## GOAL OF THE EXERCISE
All entries are to be transcribed exactly. Pictures are not part of the copy.

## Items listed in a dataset
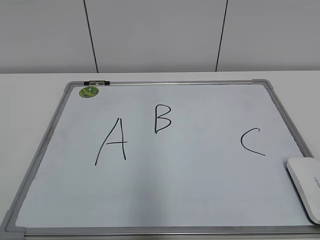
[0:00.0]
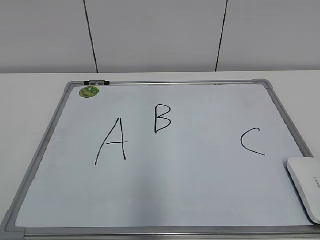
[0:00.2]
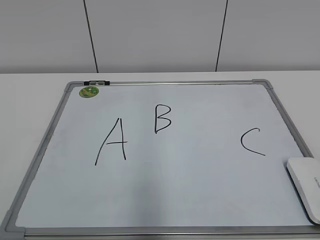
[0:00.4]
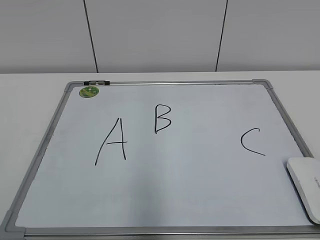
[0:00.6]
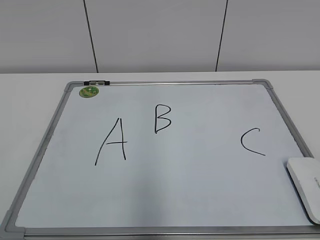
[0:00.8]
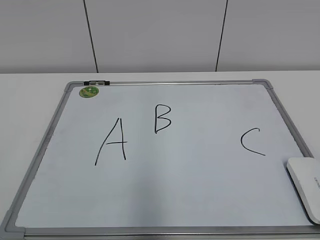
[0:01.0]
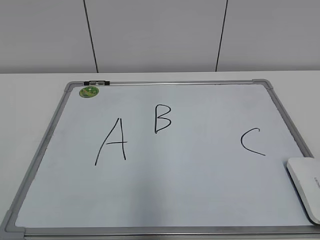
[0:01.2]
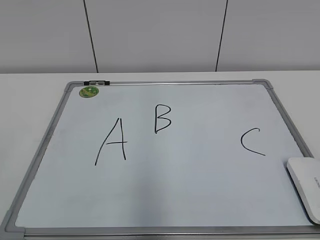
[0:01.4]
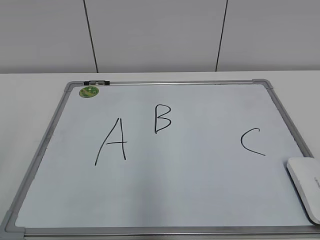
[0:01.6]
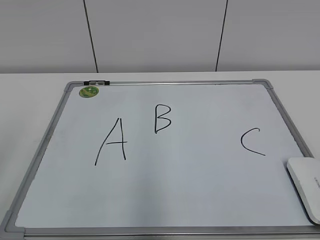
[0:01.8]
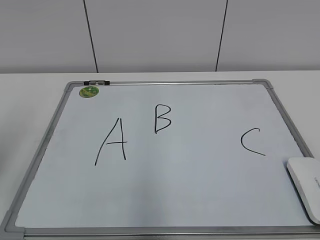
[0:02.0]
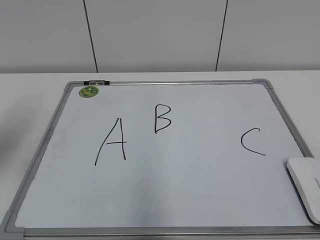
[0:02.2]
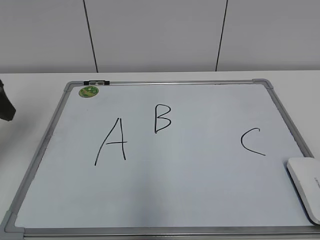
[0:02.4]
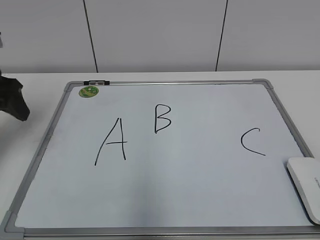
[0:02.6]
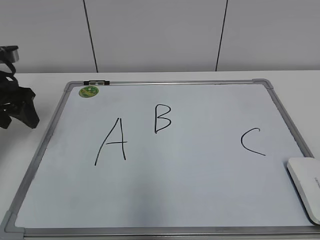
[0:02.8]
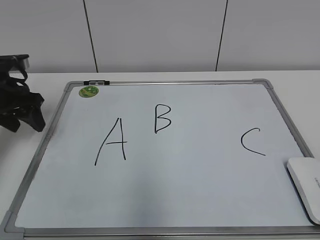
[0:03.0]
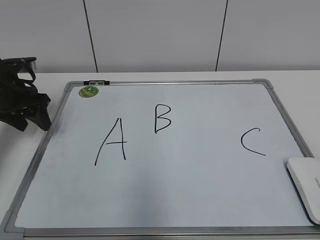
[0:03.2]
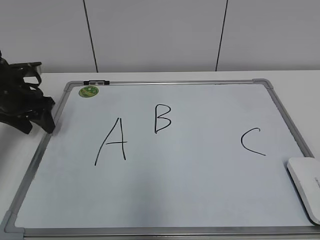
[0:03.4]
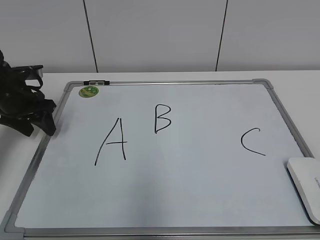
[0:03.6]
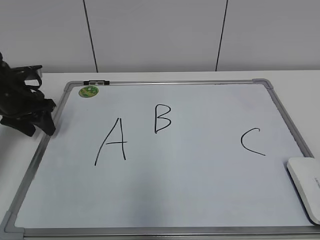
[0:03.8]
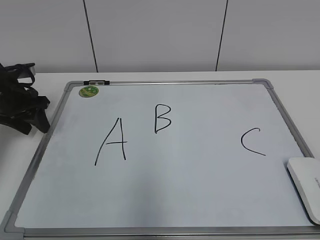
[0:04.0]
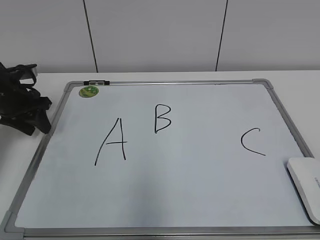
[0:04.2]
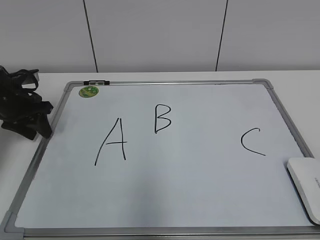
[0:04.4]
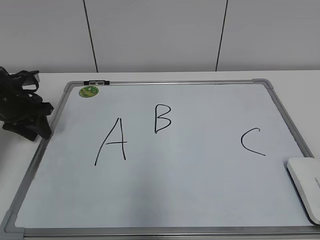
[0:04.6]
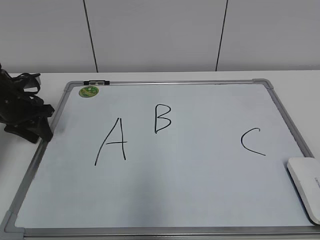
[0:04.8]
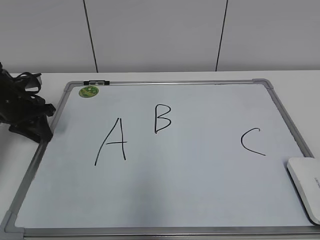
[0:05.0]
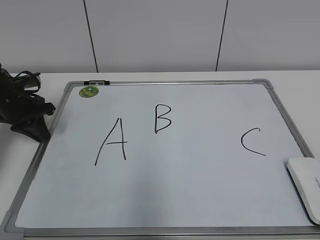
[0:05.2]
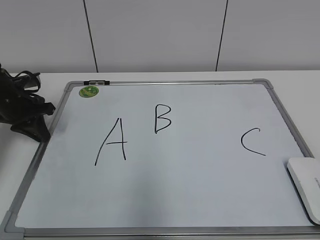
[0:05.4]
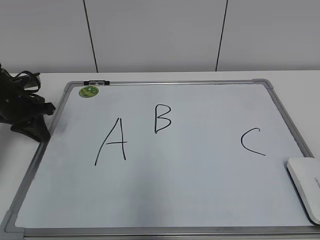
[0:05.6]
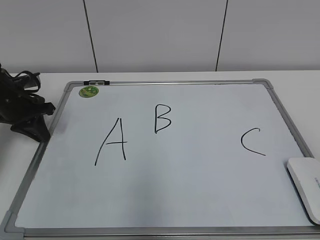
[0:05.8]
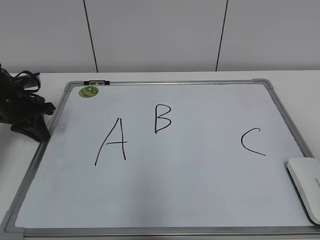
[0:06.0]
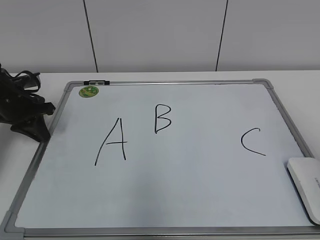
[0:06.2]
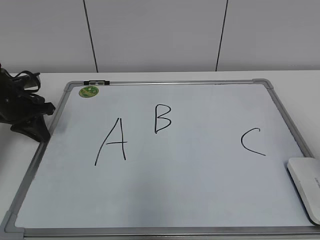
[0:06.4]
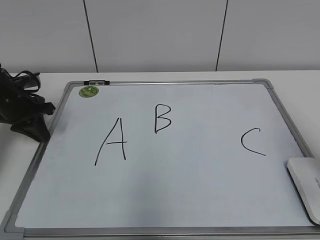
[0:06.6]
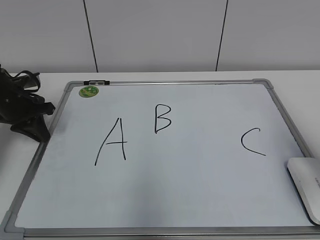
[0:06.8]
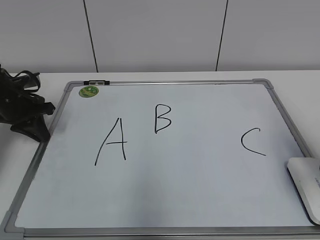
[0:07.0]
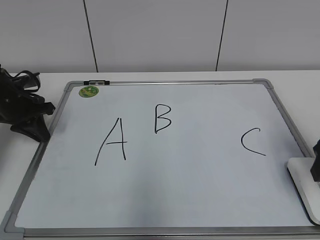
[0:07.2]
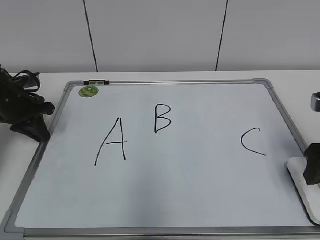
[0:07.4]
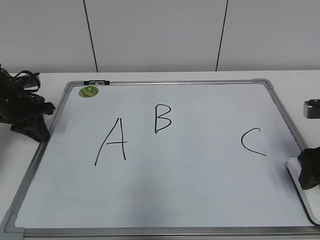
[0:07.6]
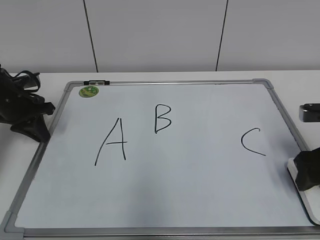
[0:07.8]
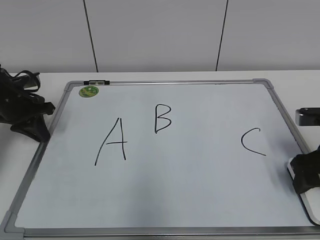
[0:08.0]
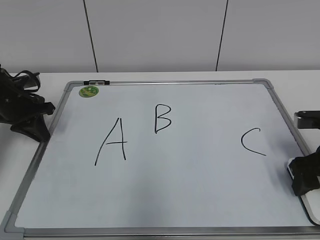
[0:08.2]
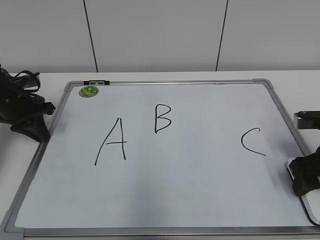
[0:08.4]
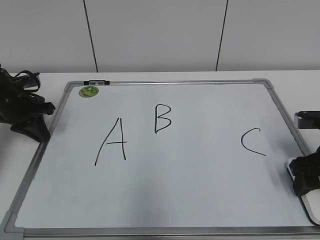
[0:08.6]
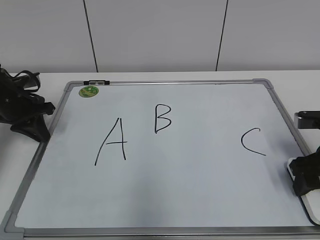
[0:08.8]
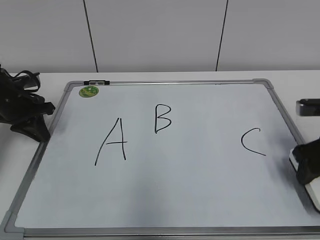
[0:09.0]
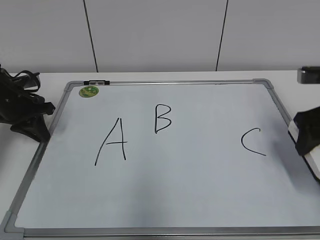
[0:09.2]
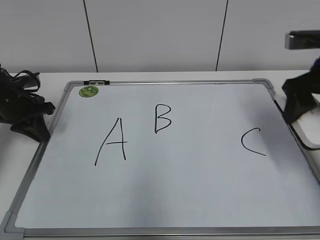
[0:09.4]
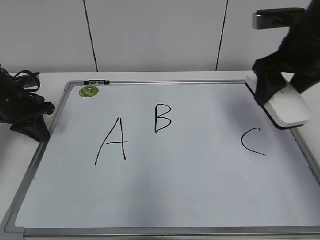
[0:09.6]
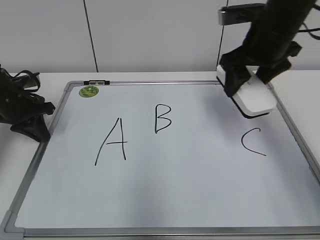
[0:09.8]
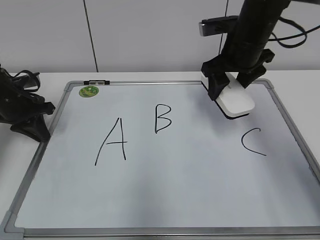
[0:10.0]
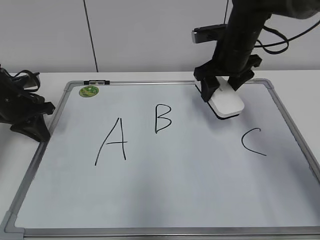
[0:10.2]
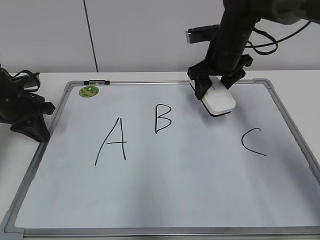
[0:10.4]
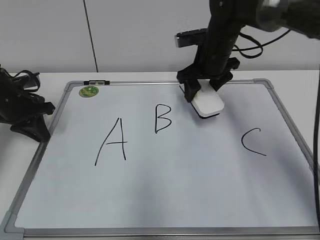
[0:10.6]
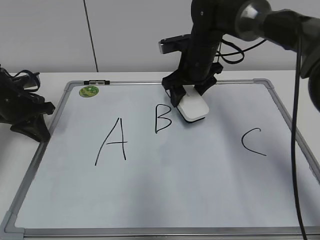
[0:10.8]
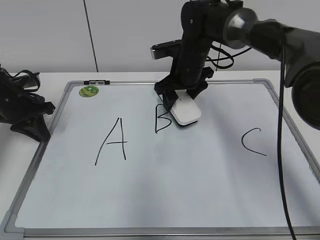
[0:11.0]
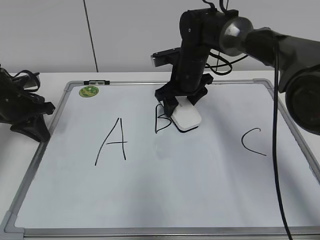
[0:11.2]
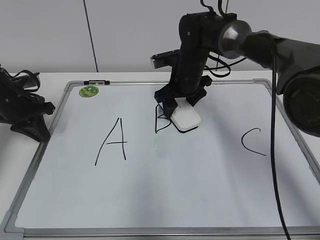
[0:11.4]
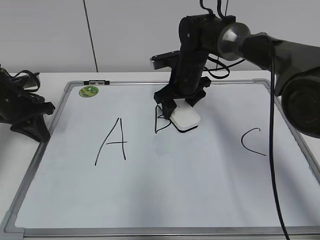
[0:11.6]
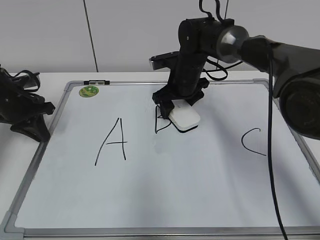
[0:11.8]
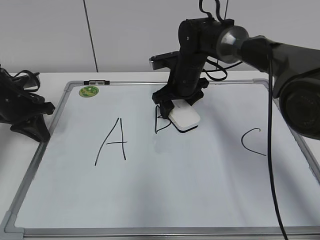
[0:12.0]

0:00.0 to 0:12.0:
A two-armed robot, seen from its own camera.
Task of the whole recording: pick up the eraser on the blackboard and erase the letter "B".
Step, 0:00.0 to 0:05.0: Hold the drawing board steady with your left hand.
0:01.6 to 0:03.0: The left gripper heads forward, covering approximately 30 cm.
0:03.0 to 0:04.4: The left gripper heads downward, covering about 5 cm.
0:04.4 to 0:06.0: The left gripper closes its fingers.
0:06.0 to 0:07.6: The right gripper travels forward and downward by some 25 cm.
0:07.6 to 0:09.0: The grippers move only a little.
0:09.0 to 0:10.4: The right gripper travels forward and to the left by approximately 25 cm.
0:10.4 to 0:12.0: The right gripper goes roughly 10 cm downward and to the left.

## EXPECTED ANSWER
[0:00.0]
[0:00.2]
[0:00.4]
[0:00.6]
[0:00.8]
[0:01.0]
[0:01.2]
[0:01.4]
[0:01.6]
[0:01.8]
[0:02.0]
[0:02.2]
[0:02.4]
[0:02.6]
[0:02.8]
[0:03.0]
[0:03.2]
[0:03.4]
[0:03.6]
[0:03.8]
[0:04.0]
[0:04.2]
[0:04.4]
[0:04.6]
[0:04.8]
[0:05.0]
[0:05.2]
[0:05.4]
[0:05.6]
[0:05.8]
[0:06.0]
[0:06.2]
[0:06.4]
[0:06.6]
[0:06.8]
[0:07.0]
[0:07.2]
[0:07.4]
[0:07.6]
[0:07.8]
[0:08.0]
[0:08.2]
[0:08.4]
[0:08.6]
[0:08.8]
[0:09.0]
[0:09.2]
[0:09.4]
[0:09.6]
[0:09.8]
[0:10.0]
[0:10.2]
[0:10.4]
[0:10.6]
[0:10.8]
[0:11.0]
[0:11.2]
[0:11.4]
[0:11.6]
[0:11.8]
[0:12.0]

0:00.0 to 0:12.0:
A two-armed robot, seen from its own camera.
Task of the whole recording: pick up the eraser on the blackboard and erase the letter "B".
Step, 0:00.0 to 0:05.0: Hold the drawing board steady with your left hand.
0:01.6 to 0:03.0: The left gripper heads forward, covering approximately 30 cm.
0:03.0 to 0:04.4: The left gripper heads downward, covering about 5 cm.
0:04.4 to 0:06.0: The left gripper closes its fingers.
0:06.0 to 0:07.6: The right gripper travels forward and downward by some 25 cm.
0:07.6 to 0:09.0: The grippers move only a little.
0:09.0 to 0:10.4: The right gripper travels forward and to the left by approximately 25 cm.
0:10.4 to 0:12.0: The right gripper goes roughly 10 cm downward and to the left.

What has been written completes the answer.